First-quarter financial results for globally integrated oil companies indicated that higher refining margins in the downstream sector were unable to fully offset the impact of lower crude oil prices on the upstream sector, according to data from the US Energy Information Administration.
The 11 companies reported total first-quarter earnings of $22 billion, down 54% compared with first-quarter 2014 results. Upstream profits fell 80% year-over-year to $28 billion, while downstream profits jumped 95% to $6 billion—the largest for any quarter since third-quarter 2012, EIA says.
As a result, downstream accounted for 63% of combined earnings in the first quarter compared with a 15% average downstream share during 2011-14.
EIA says first-quarter earnings statements show that the high crack spreads during the period contributed to higher downstream profits.

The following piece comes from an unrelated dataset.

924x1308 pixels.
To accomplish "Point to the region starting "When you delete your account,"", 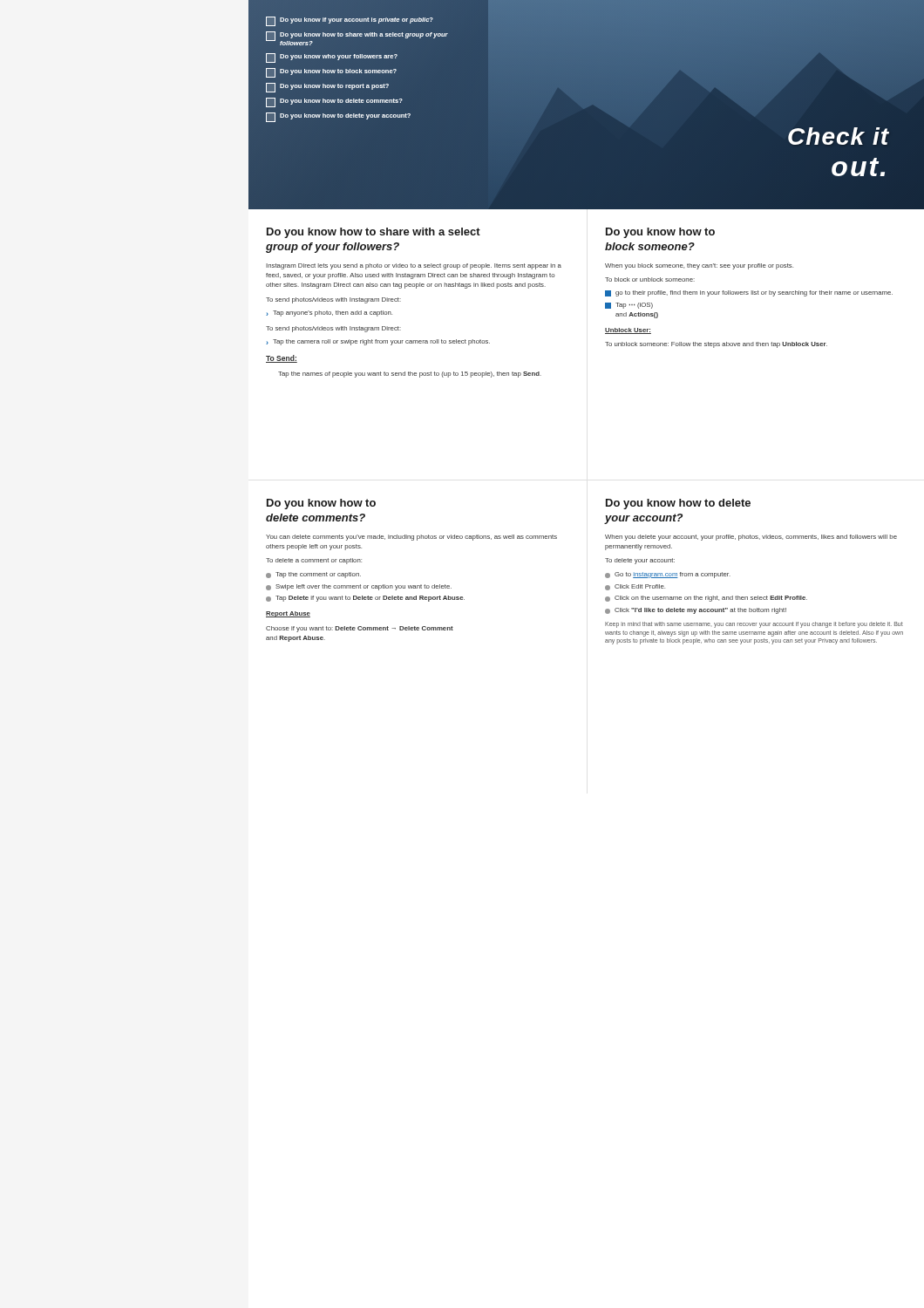I will click(x=756, y=588).
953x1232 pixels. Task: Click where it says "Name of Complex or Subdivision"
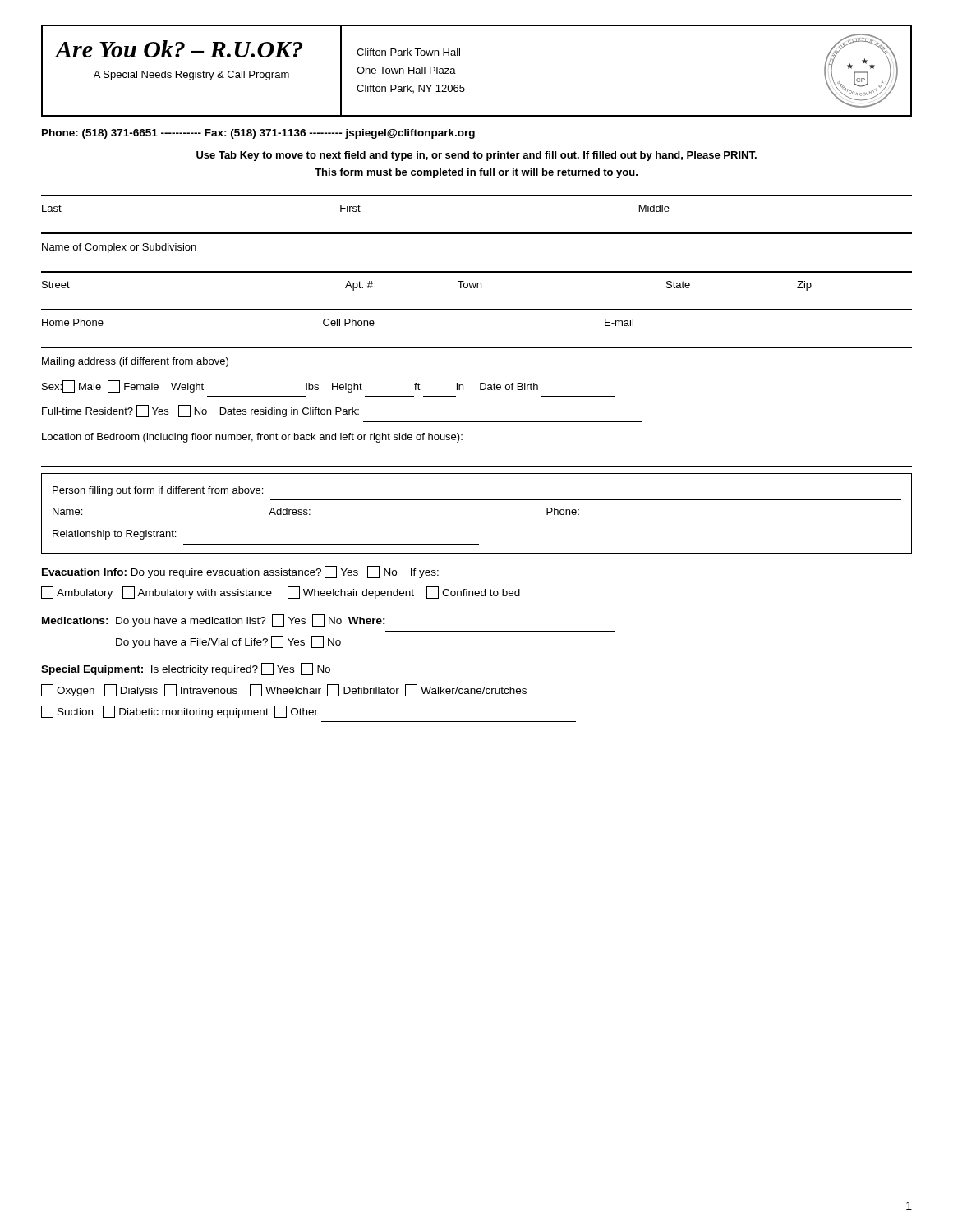pos(119,248)
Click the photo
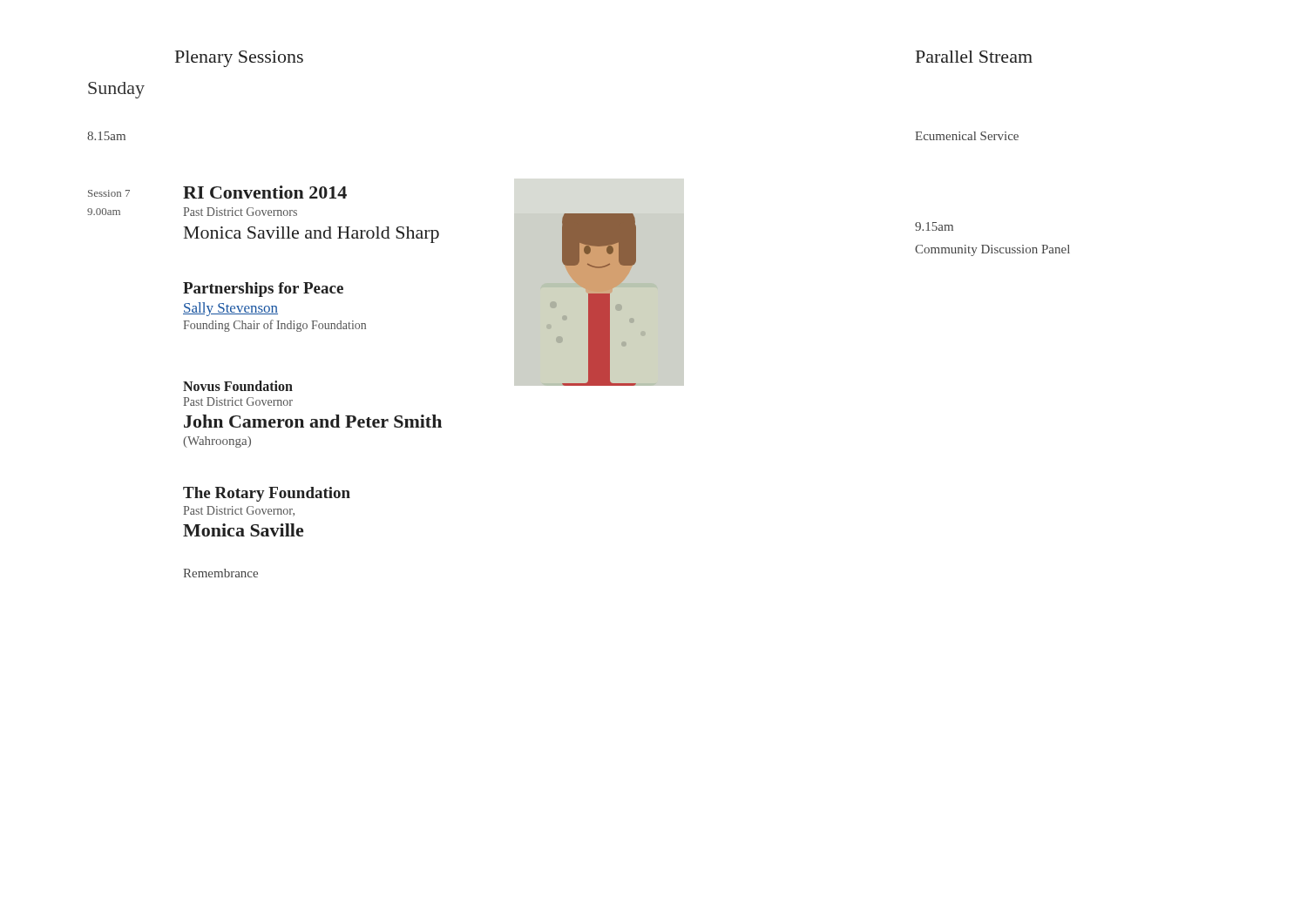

Even though absolute prices for both crude oil and products declined in this year’s first quarter compared with first-quarter 2014, North Sea Brent prices fell more than wholesale gasoline and heating oil prices, resulting in an increase in refining margin.
First-quarter crack spreads for gasoline and heating oil—based on futures prices for North Sea Brent crude oil and gasoline and heating oil in New York Harbor—averaged 28¢/gal and 49¢/gal, respectively, representing year-over-year increases of 7¢/gal for gasoline and 4¢/gal for heating oil.